### What to produce
Extract exactly the range of lines bounded by the line containing "Write the answer" and the final line of the listing, both ends included, and no other lines.
Data extracts START
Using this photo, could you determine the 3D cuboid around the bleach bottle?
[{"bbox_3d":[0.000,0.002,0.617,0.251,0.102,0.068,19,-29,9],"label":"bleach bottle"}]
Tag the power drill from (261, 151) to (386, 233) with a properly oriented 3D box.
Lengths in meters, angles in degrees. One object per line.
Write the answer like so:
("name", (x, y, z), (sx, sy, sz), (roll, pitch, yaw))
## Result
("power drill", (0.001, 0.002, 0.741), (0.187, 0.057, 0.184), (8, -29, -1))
Data extracts END
### Your response
Write the answer like so:
("name", (x, y, z), (sx, sy, sz), (roll, pitch, yaw))
## Result
("power drill", (0.001, 0.002, 0.741), (0.187, 0.057, 0.184), (8, -29, -1))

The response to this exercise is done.